什么是取消数字HTML / XML实体的良好实现,例如
并用等效的ASCII替换它们?
表示为单元测试:
local orig = "It's the "end" &ok; "
local fixd = unescape(orig) -- Implement this
assert( fixd == "It's the \"end\" &ok;\n" )
答案 0 :(得分:8)
这是一个简单的实现,它还处理名为XML实体的核心:
function unescape(str)
str = string.gsub( str, '<', '<' )
str = string.gsub( str, '>', '>' )
str = string.gsub( str, '"', '"' )
str = string.gsub( str, ''', "'" )
str = string.gsub( str, '&#(%d+);', function(n) return string.char(n) end )
str = string.gsub( str, '&#x(%d+);', function(n) return string.char(tonumber(n,16)) end )

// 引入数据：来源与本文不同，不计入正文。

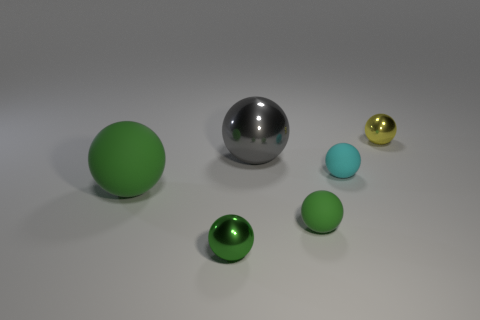Subtract all yellow cubes. How many green balls are left? 3 Subtract 3 balls. How many balls are left? 3 Subtract all tiny yellow balls. How many balls are left? 5 Subtract all green spheres. How many spheres are left? 3 Add 4 small green shiny things. How many objects exist? 10 Add 1 small green metal things. How many small green metal things are left? 2 Add 4 blue matte objects. How many blue matte objects exist? 4 Subtract 0 yellow cylinders. How many objects are left? 6 Subtract all cyan spheres. Subtract all purple cubes. How many spheres are left? 5 Subtract all big gray balls. Subtract all green shiny objects. How many objects are left? 4 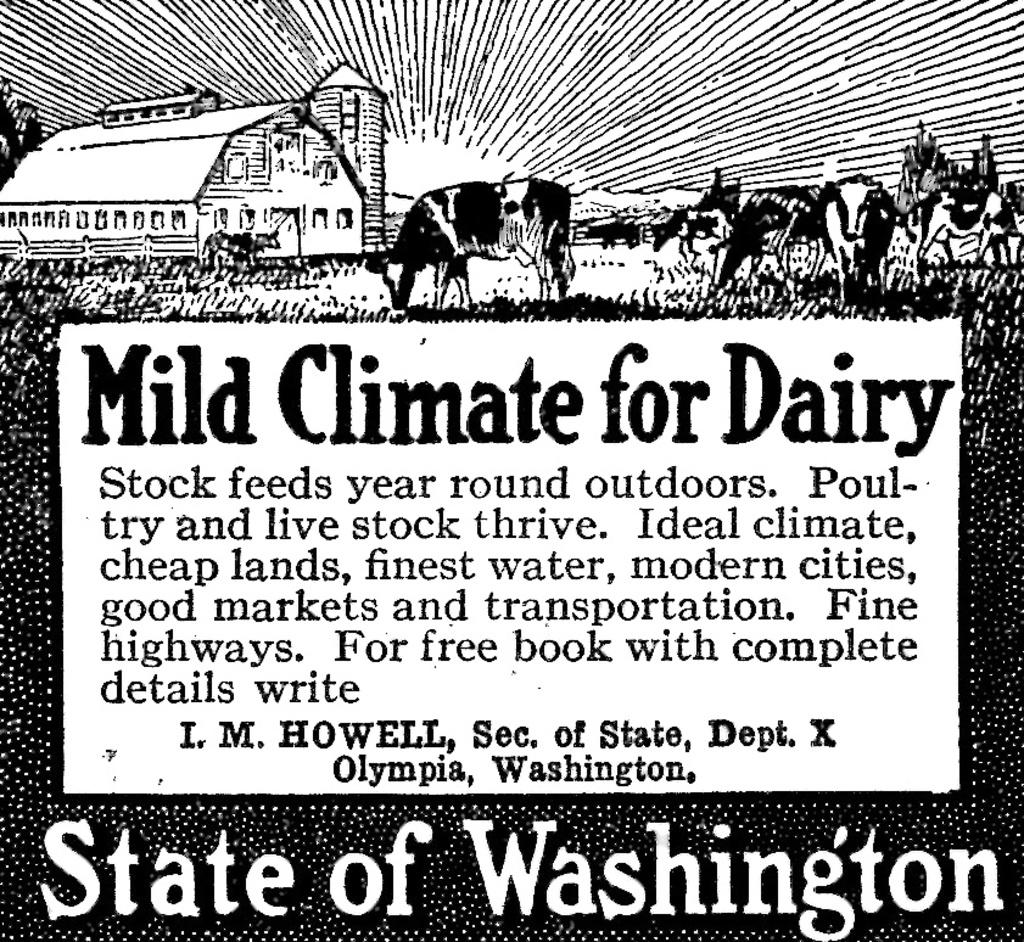What is the main subject of the poster in the image? The poster contains a picture of a house. Are there any other images on the poster besides the house? Yes, the poster contains pictures of animals. Is there any text on the poster? Yes, there is text written on the poster. How many cherries are hanging from the nail on the poster? There are no cherries or nails present on the poster; it features a picture of a house and animals with text. 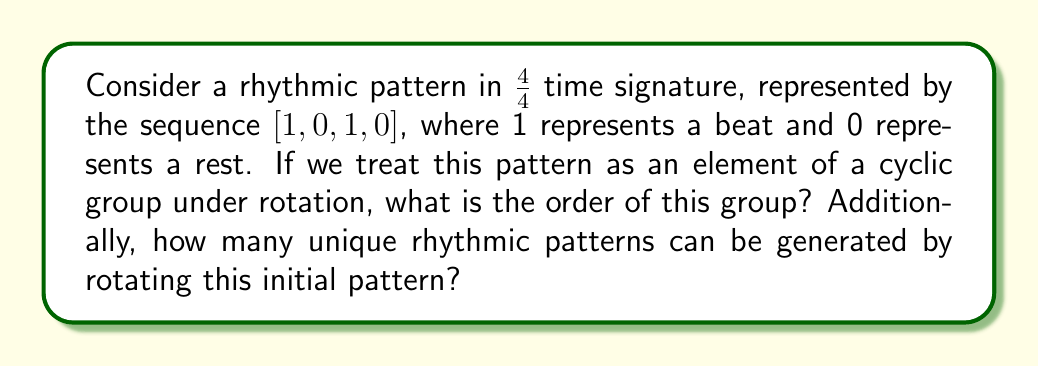Teach me how to tackle this problem. To solve this problem, we need to understand cyclic groups and how they relate to rhythmic patterns:

1) First, let's consider the given pattern [1, 0, 1, 0] in a 4/4 time signature. This represents a rhythm where there's a beat on the 1st and 3rd quarter notes, and rests on the 2nd and 4th.

2) In group theory, a cyclic group is a group that can be generated by a single element, called the generator. In our case, the generator is the initial pattern, and the group operation is rotation.

3) To find the order of the group, we need to determine how many rotations it takes to get back to the original pattern. Let's rotate the pattern:

   Original: [1, 0, 1, 0]
   Rotate 1: [0, 1, 0, 1]
   Rotate 2: [1, 0, 1, 0]

4) We see that after two rotations, we're back to the original pattern. This means the order of the group is 2.

5) The number of unique patterns generated by rotation will be equal to the order of the group. In this case, there are 2 unique patterns:
   [1, 0, 1, 0] and [0, 1, 0, 1]

6) Mathematically, we can represent this cyclic group as:

   $$C_2 = \{\text{[1, 0, 1, 0], [0, 1, 0, 1]}\}$$

   Where $C_2$ denotes a cyclic group of order 2.

This concept is relevant to music composition as it demonstrates how a simple rhythmic pattern can generate different variations through rotation, potentially inspiring new rhythmic ideas within the same time signature.
Answer: The order of the cyclic group is 2, and there are 2 unique rhythmic patterns that can be generated by rotating the initial pattern. 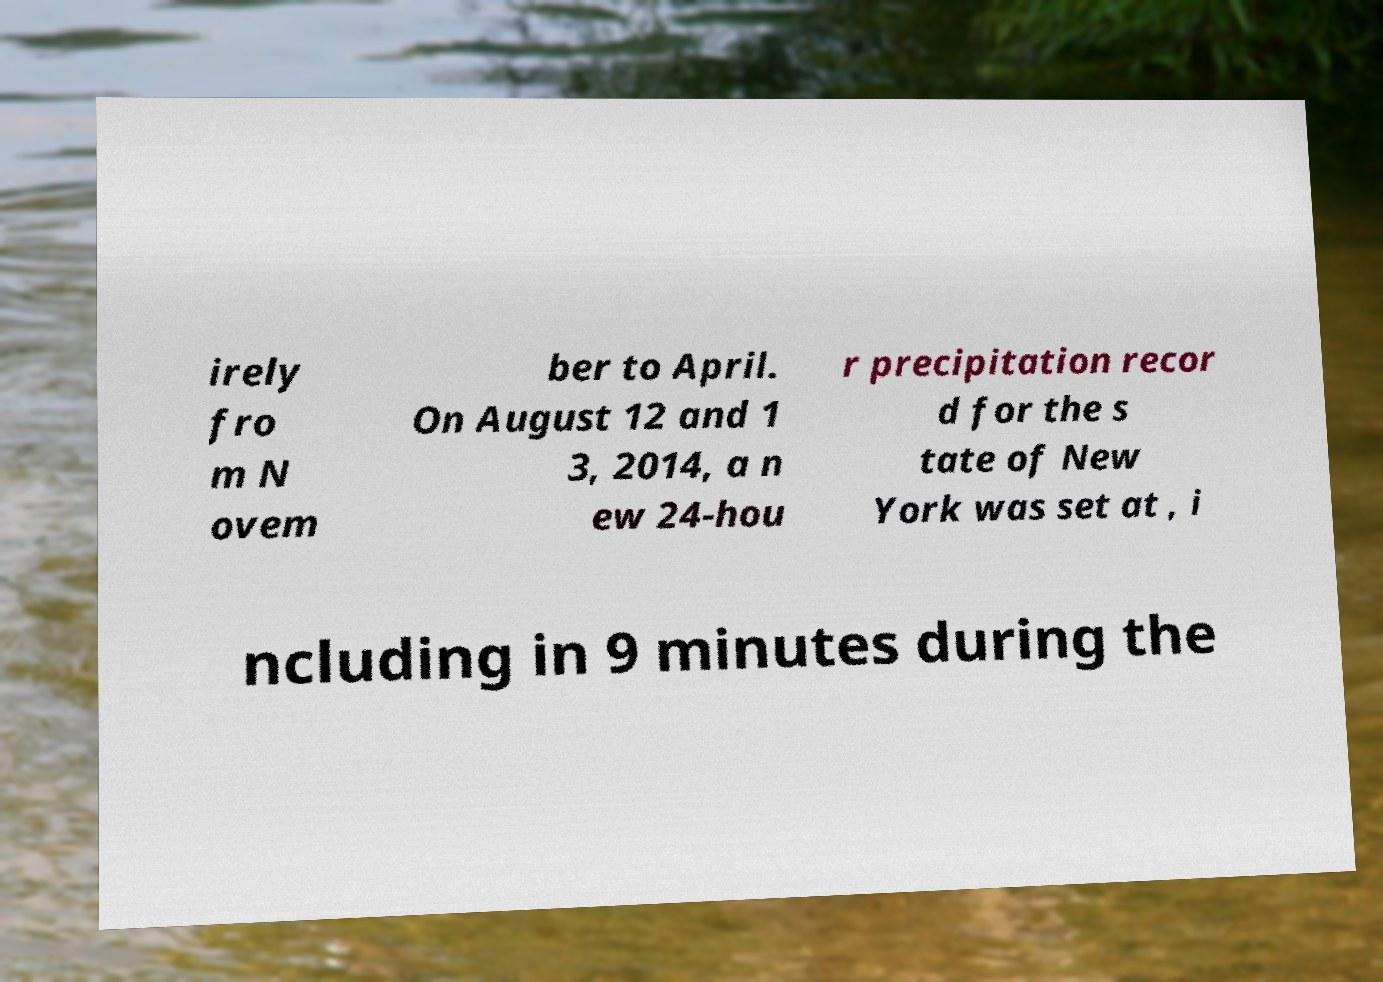Could you extract and type out the text from this image? irely fro m N ovem ber to April. On August 12 and 1 3, 2014, a n ew 24-hou r precipitation recor d for the s tate of New York was set at , i ncluding in 9 minutes during the

str = string.gsub( str, '&', '&' ) -- Be sure to do this after all others
return str
end
print(unescape(""Hello" 'World'")) --> "Hello" 'World'
但请注意,对于一个病态情况,这是失败的:数字&符号实体后跟文本amp;
:
print(unescape("Ampersand entity is &amp;")) --> Ampersand entity is &
-- The result should actually be Ampersand entity is &
我们可以通过一次处理所有实体来修复此边缘情况,但代码变得更加丑陋:
function unescape(str)
local map={ ["lt"]="<", ["gt"]=">", ["amp"]="&", ["quot"]='"', ["apos"]="'" }
str = string.gsub( str, '(&(#?x?)([%d%a]+);)', function(orig,n,s)
return (n=='' and map[s])
or (n=="#x" and tonumber(s,16)) and string.char(tonumber(s,16))
or (n=="#" and tonumber(s)) and string.char(s)
or orig
end )
return str
end
print(unescape("Ampersand entity is &amp;")) --> Ampersand entity is &
最后,我们可以以更快的速度打开它:
local gsub, char = string.gsub, string.char
local entityMap = {["lt"]="<",["gt"]=">",["amp"]="&",["quot"]='"',["apos"]="'"}
local entitySwap = function(orig,n,s)
return (n=='' and entityMap[s])
or (n=="#" and tonumber(s)) and string.char(s)
or (n=="#x" and tonumber(s,16)) and string.char(tonumber(s,16))
or orig
end
function unescape(str)
return (gsub( str, '(&(#?x?)([%d%a]+);)', entitySwap ))
end
答案 1 :(得分:2)
对于少数在下载法语html内容时可能需要逃避重音的程序员,这里是上述功能的更广泛版本。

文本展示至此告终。